Pick out all lines in the listing holding the string "degrees" and copy them.
################
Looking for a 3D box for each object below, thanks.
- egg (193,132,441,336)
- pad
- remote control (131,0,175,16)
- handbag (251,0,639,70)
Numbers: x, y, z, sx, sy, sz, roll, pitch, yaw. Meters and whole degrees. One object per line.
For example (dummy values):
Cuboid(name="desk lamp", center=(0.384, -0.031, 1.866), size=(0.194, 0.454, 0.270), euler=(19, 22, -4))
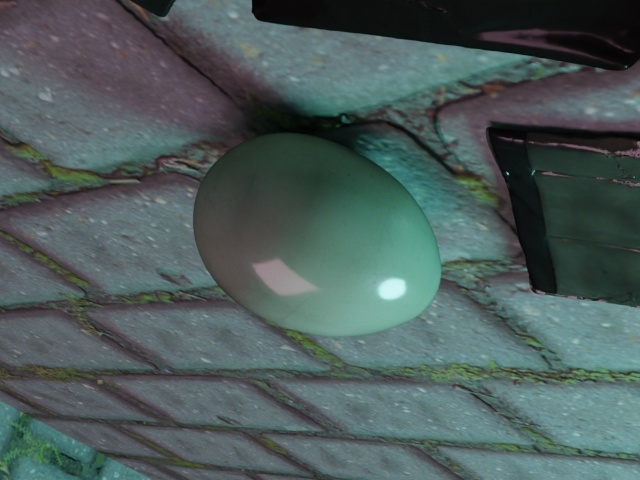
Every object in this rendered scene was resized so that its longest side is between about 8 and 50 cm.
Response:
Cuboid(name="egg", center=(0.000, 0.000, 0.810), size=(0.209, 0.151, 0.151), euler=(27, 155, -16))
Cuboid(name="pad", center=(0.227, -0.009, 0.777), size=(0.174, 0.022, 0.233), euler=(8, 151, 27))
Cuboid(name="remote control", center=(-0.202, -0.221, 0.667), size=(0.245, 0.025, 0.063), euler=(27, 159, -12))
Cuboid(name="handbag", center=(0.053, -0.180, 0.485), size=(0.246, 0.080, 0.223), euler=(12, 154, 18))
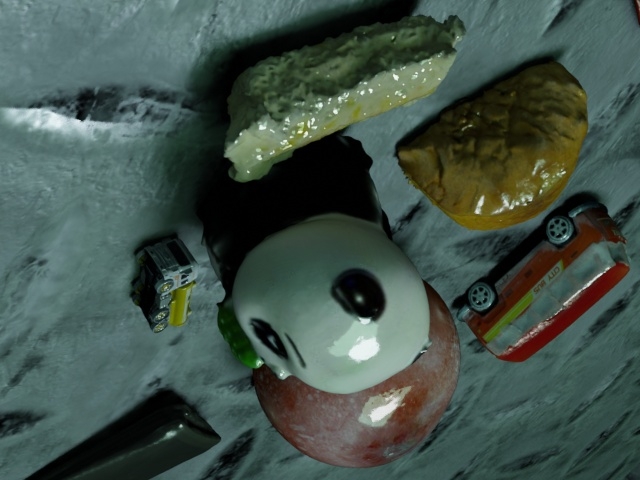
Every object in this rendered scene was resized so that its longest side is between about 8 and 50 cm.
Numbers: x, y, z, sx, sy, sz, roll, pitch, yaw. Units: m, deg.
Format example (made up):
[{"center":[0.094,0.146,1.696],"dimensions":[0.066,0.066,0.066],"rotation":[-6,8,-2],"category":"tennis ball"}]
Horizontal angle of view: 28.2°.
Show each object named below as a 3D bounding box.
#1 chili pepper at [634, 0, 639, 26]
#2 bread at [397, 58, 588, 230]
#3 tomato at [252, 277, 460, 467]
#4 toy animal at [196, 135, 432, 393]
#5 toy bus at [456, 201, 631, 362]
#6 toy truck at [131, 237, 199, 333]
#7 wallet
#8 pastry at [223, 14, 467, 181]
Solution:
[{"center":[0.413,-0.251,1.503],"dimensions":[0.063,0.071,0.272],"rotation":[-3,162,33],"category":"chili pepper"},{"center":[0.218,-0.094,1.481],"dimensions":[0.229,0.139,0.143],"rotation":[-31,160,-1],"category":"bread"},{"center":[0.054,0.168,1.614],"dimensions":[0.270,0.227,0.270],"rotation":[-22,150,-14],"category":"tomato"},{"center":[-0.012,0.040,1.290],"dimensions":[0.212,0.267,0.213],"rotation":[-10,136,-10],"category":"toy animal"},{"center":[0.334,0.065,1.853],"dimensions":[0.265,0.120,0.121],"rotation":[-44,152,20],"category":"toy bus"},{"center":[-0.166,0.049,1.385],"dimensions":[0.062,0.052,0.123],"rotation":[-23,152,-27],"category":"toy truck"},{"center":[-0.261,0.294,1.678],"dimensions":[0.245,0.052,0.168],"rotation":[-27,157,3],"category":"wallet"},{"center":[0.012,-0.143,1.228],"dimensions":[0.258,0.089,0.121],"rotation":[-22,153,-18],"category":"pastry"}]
################
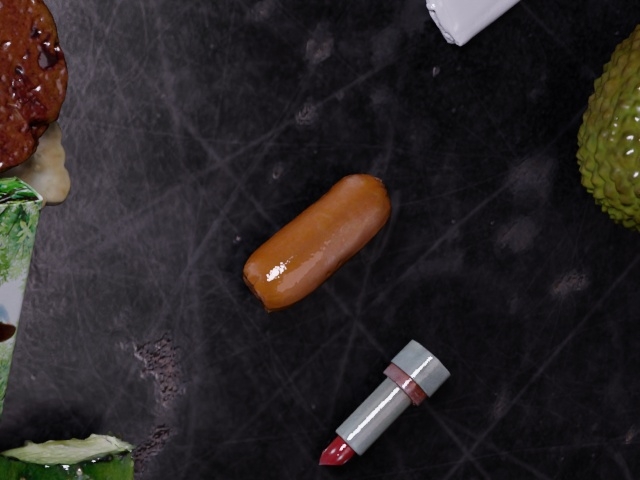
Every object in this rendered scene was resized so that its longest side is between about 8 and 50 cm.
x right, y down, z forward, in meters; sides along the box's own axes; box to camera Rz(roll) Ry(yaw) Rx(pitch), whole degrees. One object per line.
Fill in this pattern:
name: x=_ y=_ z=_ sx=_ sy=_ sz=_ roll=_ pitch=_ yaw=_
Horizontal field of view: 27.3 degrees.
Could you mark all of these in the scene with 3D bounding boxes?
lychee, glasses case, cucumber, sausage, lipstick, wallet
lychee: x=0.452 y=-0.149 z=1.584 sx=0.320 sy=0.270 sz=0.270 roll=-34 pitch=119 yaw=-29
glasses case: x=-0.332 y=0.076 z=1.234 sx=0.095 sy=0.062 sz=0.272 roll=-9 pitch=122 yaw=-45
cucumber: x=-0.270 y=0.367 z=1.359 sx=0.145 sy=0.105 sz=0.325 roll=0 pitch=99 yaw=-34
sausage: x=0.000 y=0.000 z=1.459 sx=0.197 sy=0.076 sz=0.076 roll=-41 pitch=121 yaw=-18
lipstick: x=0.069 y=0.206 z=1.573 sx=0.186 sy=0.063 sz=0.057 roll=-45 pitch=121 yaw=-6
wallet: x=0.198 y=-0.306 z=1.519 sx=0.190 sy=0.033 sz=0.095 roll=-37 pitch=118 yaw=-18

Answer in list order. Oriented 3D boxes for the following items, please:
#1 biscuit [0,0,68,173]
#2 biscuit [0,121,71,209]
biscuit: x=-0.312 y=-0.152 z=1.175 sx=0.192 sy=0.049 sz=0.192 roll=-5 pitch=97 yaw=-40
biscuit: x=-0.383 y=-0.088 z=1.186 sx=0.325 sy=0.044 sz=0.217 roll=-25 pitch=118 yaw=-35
################
_Response area:_
Numbers: x, y, z, sx, sy, sz, roll, pitch, yaw. Meters and whole degrees. One object per line.
x right, y down, z forward, in meters; sides along the box's own axes; box to camera Rz(roll) Ry(yaw) Rx(pitch), whole degrees. One object per line.
Horizontal field of view: 27.3 degrees.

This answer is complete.